For ride-hailing service, the key is to match the nearest drivers for riders. In experiments, 100 ride requests are generated randomly and implemented. We use ride-matching accuracy rate to demonstrate the matching degree of PrivateRide, ORide, and CRide with the ground in plaintext. As shown in Figure 3, CRide gets the nearest drivers for about 92% of riders, which exceeds ORide by nearly 30% under all division granularities, which implements ride-matching without cross zone. Meanwhile, CRide reaches the same accuracy as PrivateRide, which implements ride-matching without division because of cross-zone matching. But Table 1 shows that the communication overhead and computation cost of PrivateRide are considerably large compared with CRide.

With the popularity of ride-hailing services, privacy protection receives more and more attention. Some works have been done to design privacy-preserving ride-hailing schemes. Duan et al. and Khazbak et al. [18, 19] used cloaking technologies to match the nearest drivers for a ride request while protecting the sensitive information of drivers and riders. Duan et al. [18] proposed cloaking region-based passenger privacy protection in ride-hailing, maximizing social welfare under riders’ privacy requirements. Khazbak et al. [19] proposed a ride-hailing scheme with privacy preserving, which considers the privacy preference of riders using novel obfuscation techniques. However, these schemes use location range to find the nearest drivers for a rider, which results in low accuracy.

To promote the accuracy of ride-matching, schemes [15, 20] were designed using the road network embedding technology (RNE) to match. Luo et al. [15] proposed pRide which allows ORH to efficiently match riders and drivers based on RNE and garbled circuits. Yu et al. [20] proposed RMatch, which computes the shortest distance using RNE and PHE. Meanwhile, Yu et al. [20] also proposed EPRide, in which the Hamming distance replaces road distance to implement ride-matching using somewhat homomorphic encryption and load network hypercube embedding technology. But the three schemes assume that there is a trusted party, which cannot fully guarantee the privacy of user in practice.

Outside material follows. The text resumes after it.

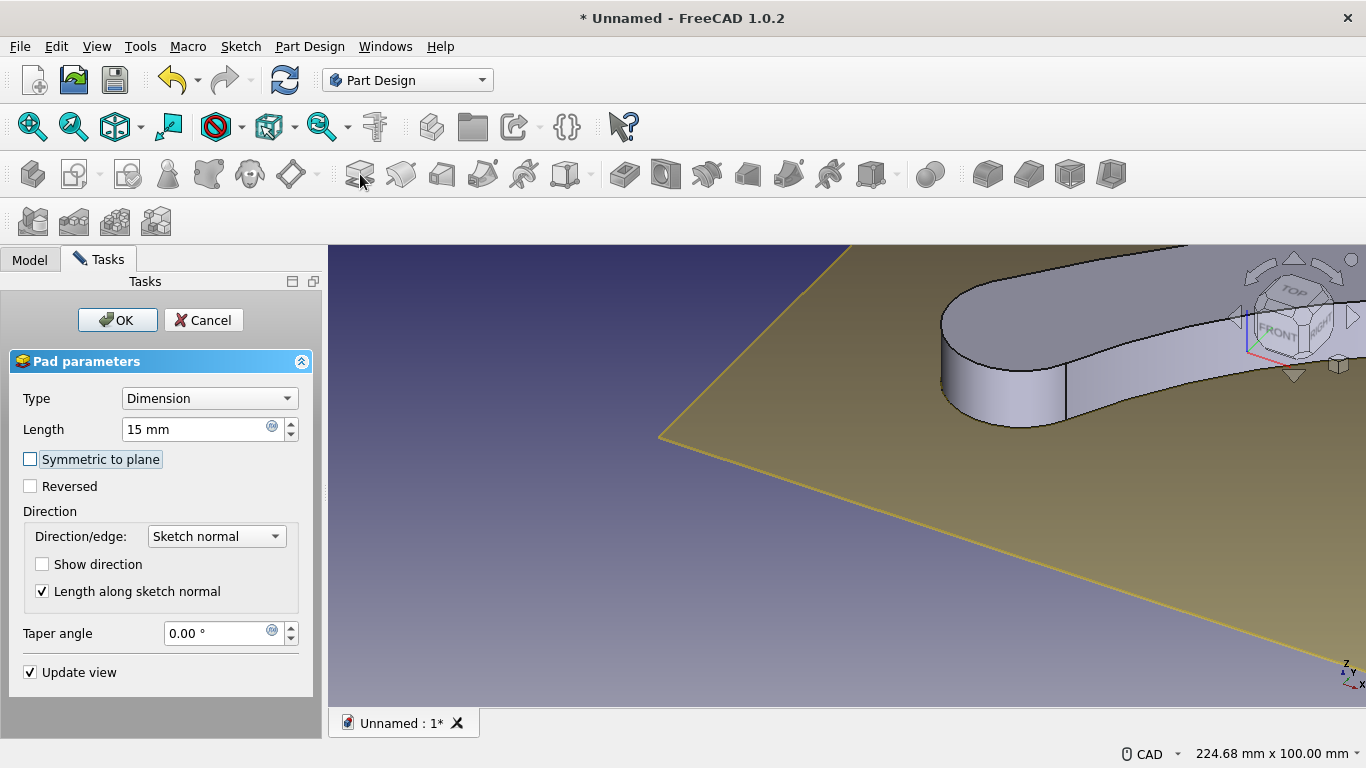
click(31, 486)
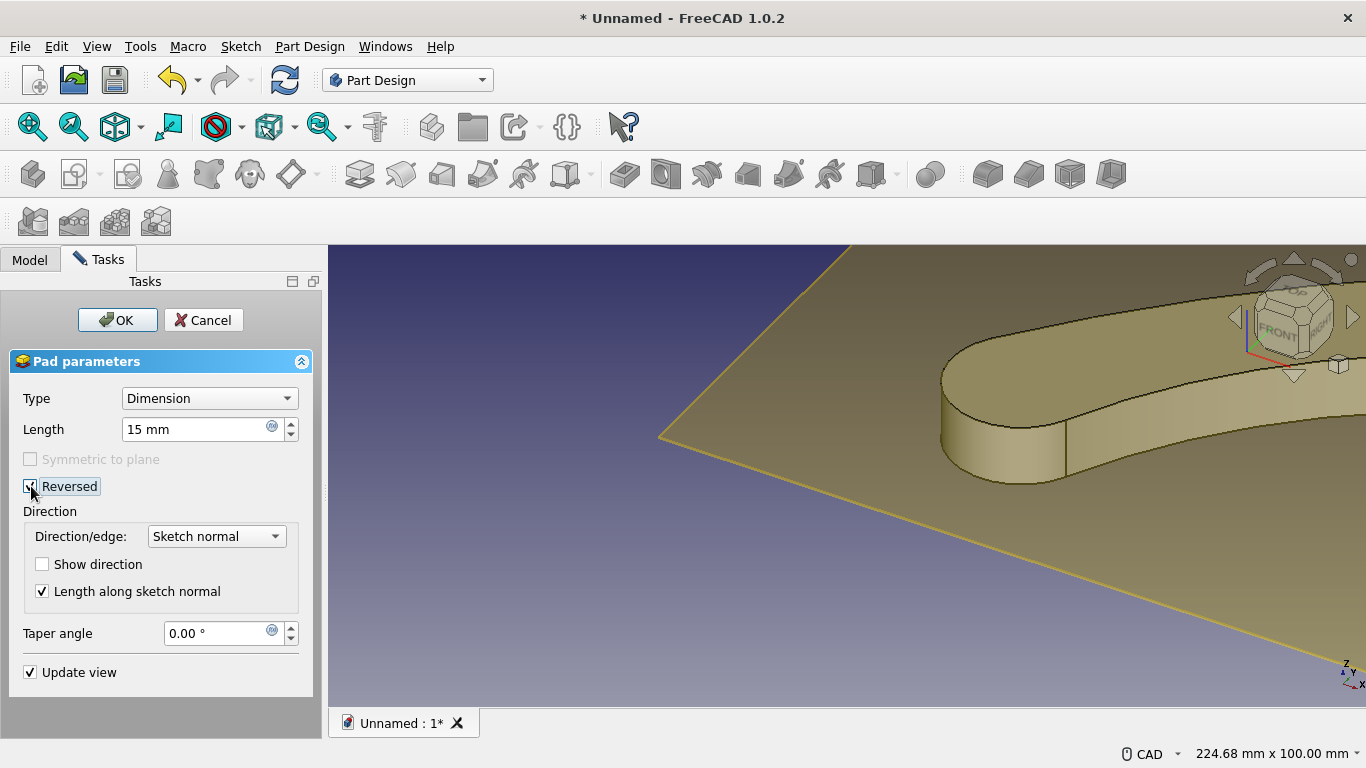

There are new works on privacy-preserving ride-hailing. Shivers et al. [21] proposed a framework for developing a decentralized ride-hailing architecture for autonomous vehicles implemented on the Hyperledger Fabric blockchain platform. Huang et al. [22] proposed a privacy-preserving ride-matching scheme with prediction, which utilizes a deep learning model to predict the emergence of ride requests in various regions and find the best driver in a global perspective instead of the nearest driver in the local region, leveraging prediction results.

8. Conclusions

In this thesis, a privacy-preserving cross-zone ride-matching scheme is proposed in ride-hailing services. The city is divided into some zones, and ride-matching is implemented in cross adjacent zones using somewhat homomorphic encryption and ciphertext packing. By using CRide, RS can find the nearest driver for riders in the whole zone. During matching, the privacy of drivers and riders is protected. Theoretical analysis and experimental results over real-world datasets prove that CRide achieves acceptable efficiency and comparable matching accuracy with the ground in plaintext. In the next research, the reputation of drivers and the interest of riders are worthy of considering for ORH service.

Data Availability

The data that support the findings of this study are from previously reported studies and datasets, which have been cited. The processed data are available from the corresponding author upon request.

Conflicts of Interest

The authors declare that they have no conflicts of interest.

Acknowledgments

This study was supported by the Key Technologies R&D Program of He’nan Province under grant nos. 192102210295 and 212102210084.